Rocket Pro Launches Dscr Product In Response To ‘market Shift’
Rocket Pro announced Tuesday that it is offering a Debt Service Coverage Ratio (DSCR) product, which will enable its partners and clients to qualify for a loan on an investment property based on the income the property is expected to generate, rather than their personal income.
Cory Scholl, Rocket Pro’s EVP of sales, said that the new offering was prompted by partner demand. “One of [our partners’] biggest asks was bringing DSCR to Rocket Pro, and to not just have that product, but for it to be coupled with our pricing consistency, our speed and the certainty that they expect over here,” he said during an interview with HousingWire.
Scholl said that the launch also echoes Rocket Pro’s partner promises, which it unveiled at Rocket Pro Experience (RPX) at the end of September. “I would say the new product offering specifically resonates with promise number five: helping everyone home means everyone…We can open up more markets for our partners, talking with investors out there, and start really helping everyone home.”

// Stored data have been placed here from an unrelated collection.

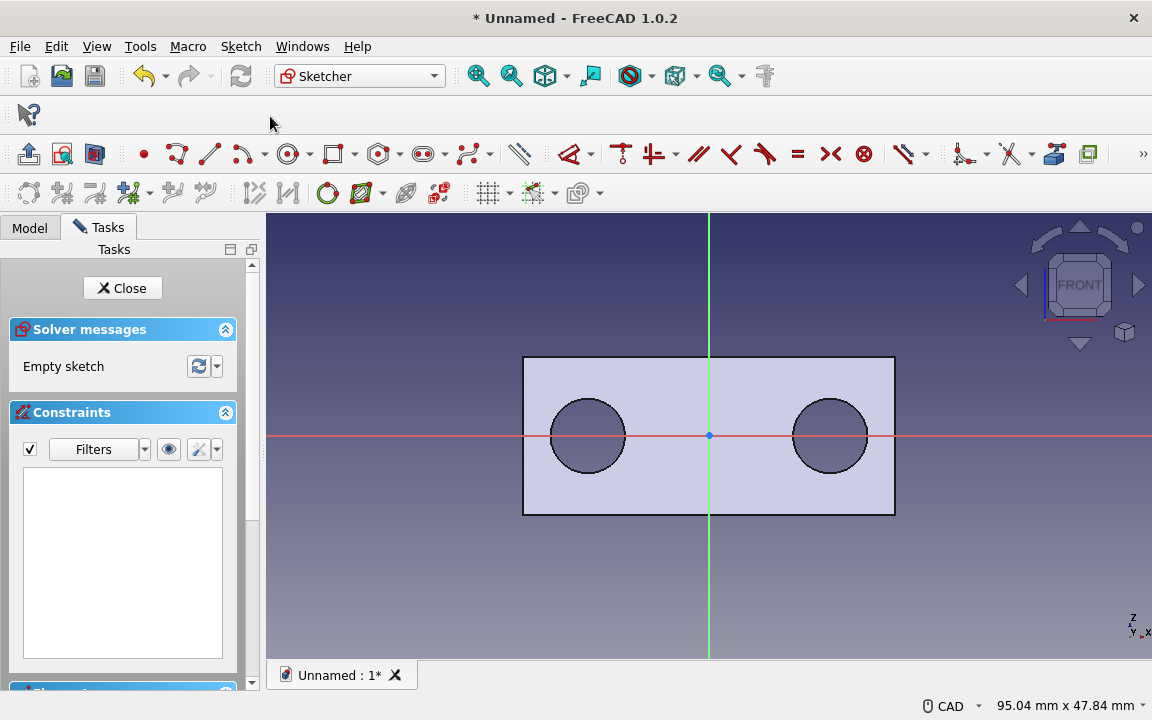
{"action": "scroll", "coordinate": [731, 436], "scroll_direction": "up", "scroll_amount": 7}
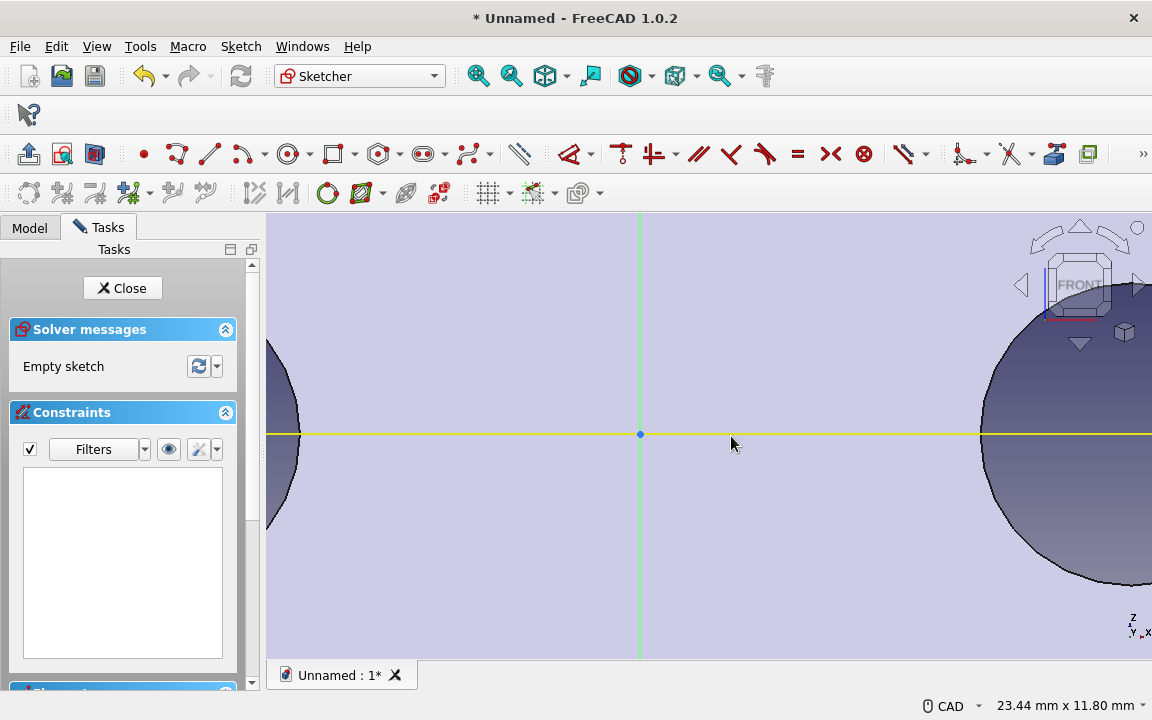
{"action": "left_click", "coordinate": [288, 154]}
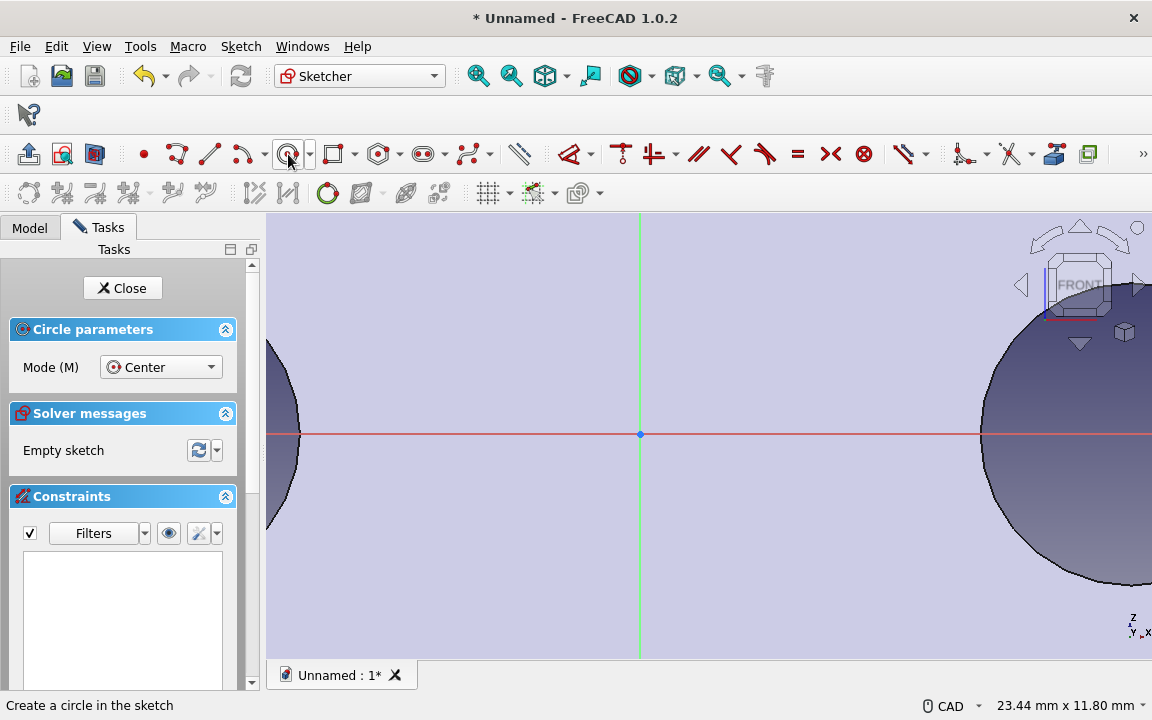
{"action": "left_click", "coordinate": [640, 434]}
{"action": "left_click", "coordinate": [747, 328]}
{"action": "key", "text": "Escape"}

Scholl described a “market shift” over the last few years that has generated more interest in DSCR. The new product allows purchase, rate-term refinances, and cash-out refinances with a max loan amount of $3 million for the first two and $2.5 million for a cash-out.
Scholl said that the product is not for first-time real estate investors as Rocket Pro requires a history of rental income or property management experience of at least one year.
Rocket Pro’s secondary market strategy for the DSCR product involves not holding servicing for loans, Scholl and a Rocket spokesperson confirmed.
The DSCR product launch builds on other recent announcements from the Detroit-based lender. Also announced at RPX was Rocket Pro Navigate, an AI platform dubbed a “ChatGPT built exclusively for loan officers” that provides sales coaching, lead discovery, document analysis and client communications.
“Once our partners couple Rocket Pro Navigate with DSCR, they’re going to have a great one-two punch to end 2025 on a high note, and roll into 2026,” Scholl said. “During just the first 30 days in Navigate, our partners just went full on with it, especially with our lead scanner, and they saw a 65% increase month over month in production when the wider industry was at best flat month-over-month in October compared to September.”